Когда после смерти покойной бабушки Маремианы вскрыли её заветный ларец, в нём в числе других бумаг нашли и духовное завещание. В личном владении бабушки были: дом на костях, а в этом доме движимое имущество. Она, как и другие это делают, оставила завещание. И мне завещала „небольшой кованный железом сундучок под кроватью“, как значилось в завещании. Когда вскрыли этот сундучок, в нём оказалось не много имущества: старинная Библия на славянском языке, Четьи-минеи и ещё две-три духовных книги, а на самом дне сундучка оказался и саван. Это — странного и страшного вида плащ, широкий, с рукавами, с изображением креста и Адамовой головы на груди. Сшит он был из белой, редкой материи и казался мне чёрным и страшным. Таково уж свойство неразгаданной могильной жизни, если эта жизнь врывается в нашу надземную жизнь, озарённую солнцем и обласканную лунным светом и тихим мерцанием далёких и прекрасных полуночных звёзд.
Все, кто был при вскрытии сундука, завещанного мне бабушкой, как-то даже странно примолкли, когда увидели саван. А дед взял в руки страшный плащ, ощупал его, рассмеялся и сказал:
— Вот, брат, тебе что бабушка-то оставила.
И я ясно расслышал в этой фразе насмешку: „Вот, — мол, — получай духовную дребедень, — как дед всегда отзывался о священных книгах, — и саван, подарок могил“.
Меня даже жуть взяла, когда я увидел в руках деда страшный саван. Но я скоро нашёлся и сказал:
— Дедушка, очевидно, бабушка завещала мне только духовные книги. Саван одели бы на неё, если бы она умерла у нас в доме.

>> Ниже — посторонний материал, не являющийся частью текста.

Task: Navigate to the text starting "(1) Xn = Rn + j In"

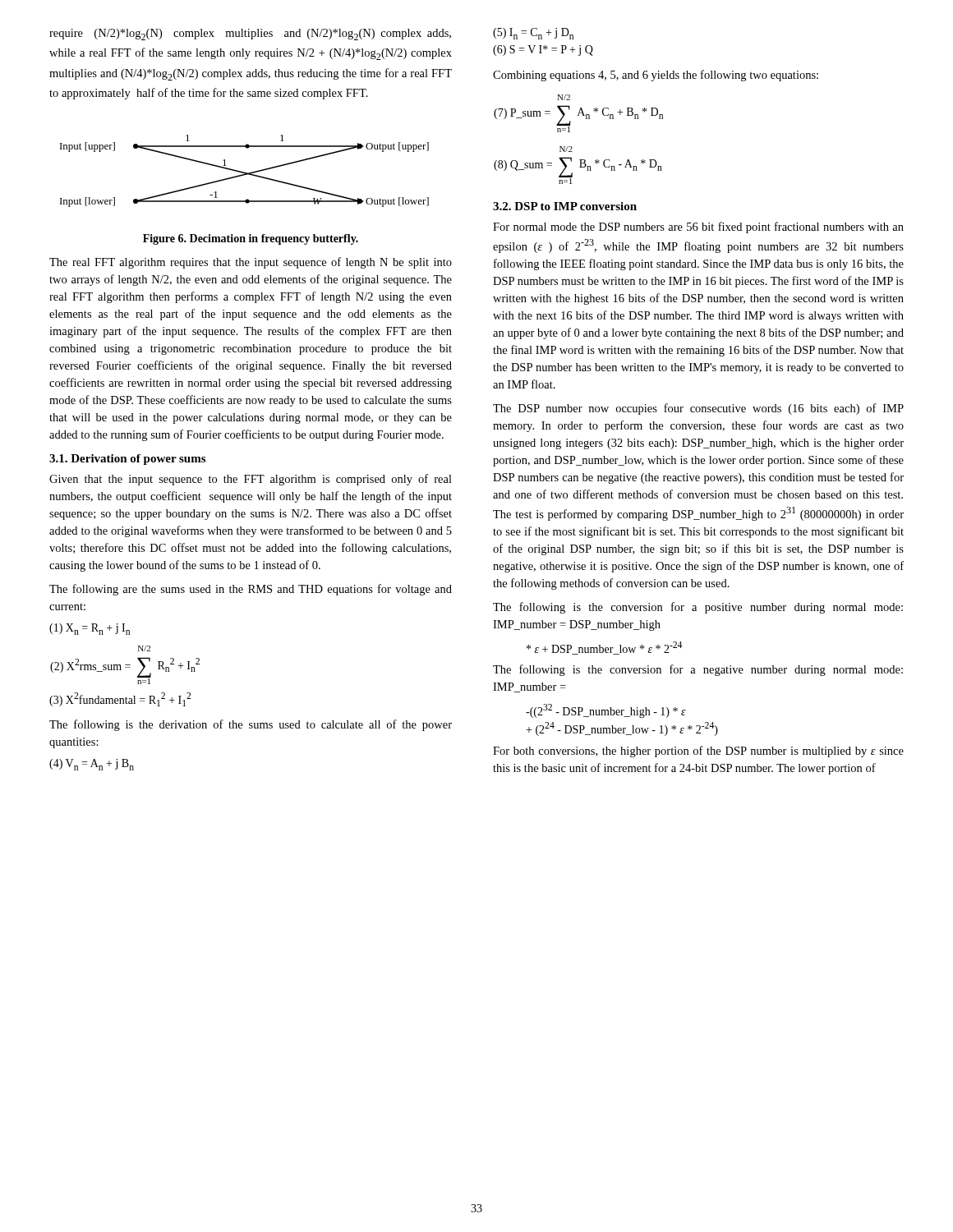Action: click(x=90, y=630)
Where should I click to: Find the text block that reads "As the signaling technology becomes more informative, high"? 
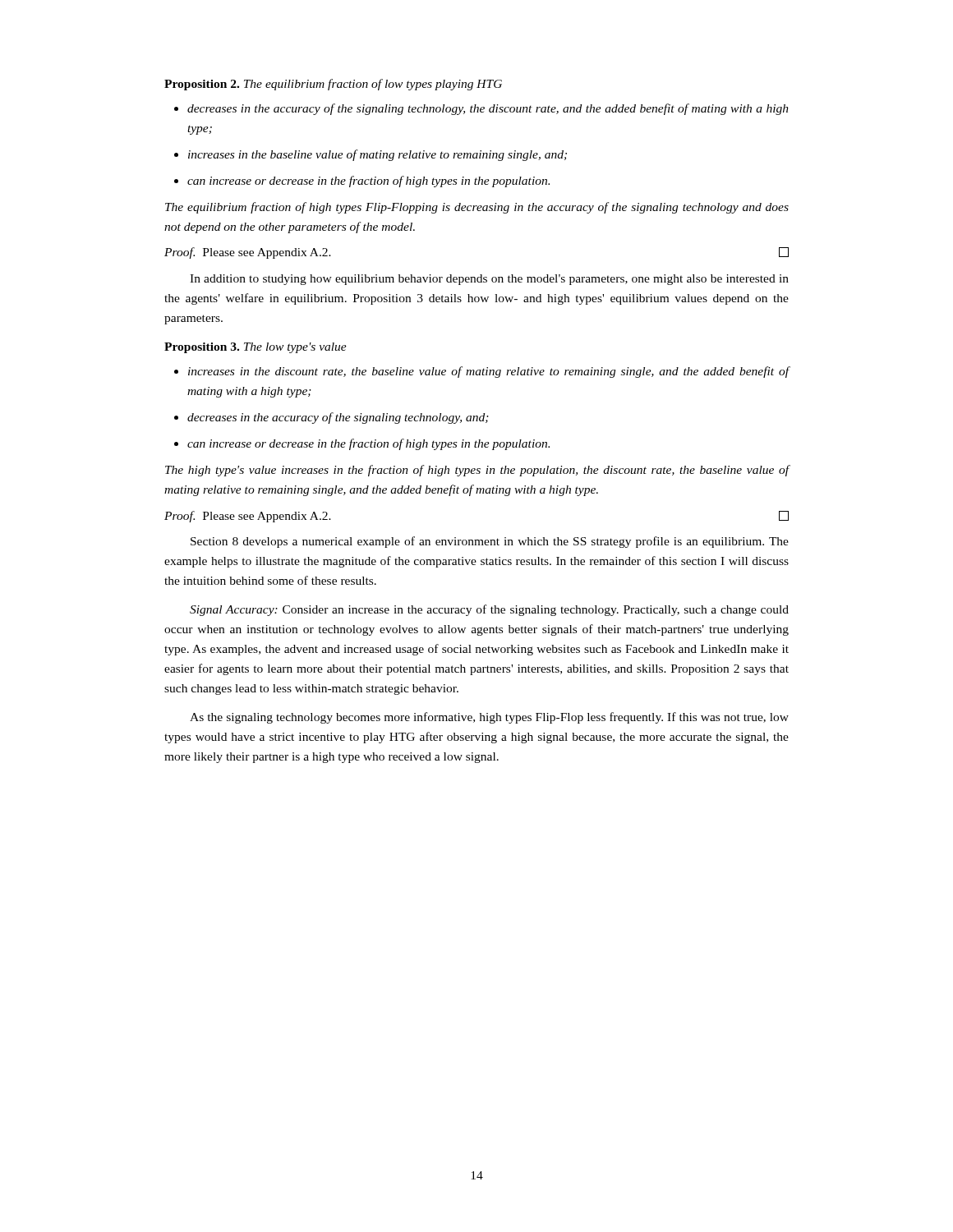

— Совершенно верно! — согласился дед. — Но вышло так оригинально, что я и ума не приложу… Нет, ты только подумай: есть ли на свете ещё человек, кроме тебя, которому достался бы саван? По завещанию… Пойми ты!.. По за-ве-ща-нию!.. А?.. В этом есть что-то таинственно-мистическое, сказал бы какой-нибудь олух, верующий в сверхъестественное…
— Да, это так, — соглашался я, — но что же теперь буду я с ним делать?
— Ха-ха-ха!.. Да, это задача!.. В самом деле, что ты с ним будешь делать?..
И вот, прошло уже более двадцати лет, а бабушкин саван всё ещё лежит у меня в чемодане, где я храню не особенно нужные вещи. И я не знаю, что мне сделать с этим саваном? Куда же мне его девать?
Помнится, лет десять назад, когда у нас в доме умерла кухарка Авдотья, и когда её похолодевший труп положили в переднем углу кухни, дед призвал меня в кабинет и сказал:
— Знаешь что… одень-ка ты этот бабушкин саван на Авдотью… право, а то что он у тебя будет лежать да тлеть зря…
Кривая усмешка бродила по губам деда, но это меня не смутило. Слова его осенили меня как слова откровения, и в первую минуту я согласился с дедом и хотел пойти и передать родственникам кухарки подарок бабушки. Но я не решился этого сделать.
— Неловко, дедушка, как же это так?.. Бабушка готовила его для себя, а я вдруг подарю его кухарке… отдам его Авдотье, — поправился я.
И в ту же секунду я понял, что слова эти „подарю“, „отдам“ я сказал, не подумав: как же это в самом деле можно что-нибудь отдать или подарить мертвецу?
Большими „невишными“ глазами посмотрел на меня дед и с негодованием сказал:
— Ну, иди!.. В тебе ещё чёртова бездна сословных предрассудков… Как же это можно подарить мужичке саван, изготовленный для дворянки, для супруги профессора?.. Эх, ты…
И дед не на шутку разобиделся. Но напрасны были его обиды: родственники Авдотьи сшили ей свой саван, и в бабушкином саване не оказалось нужды.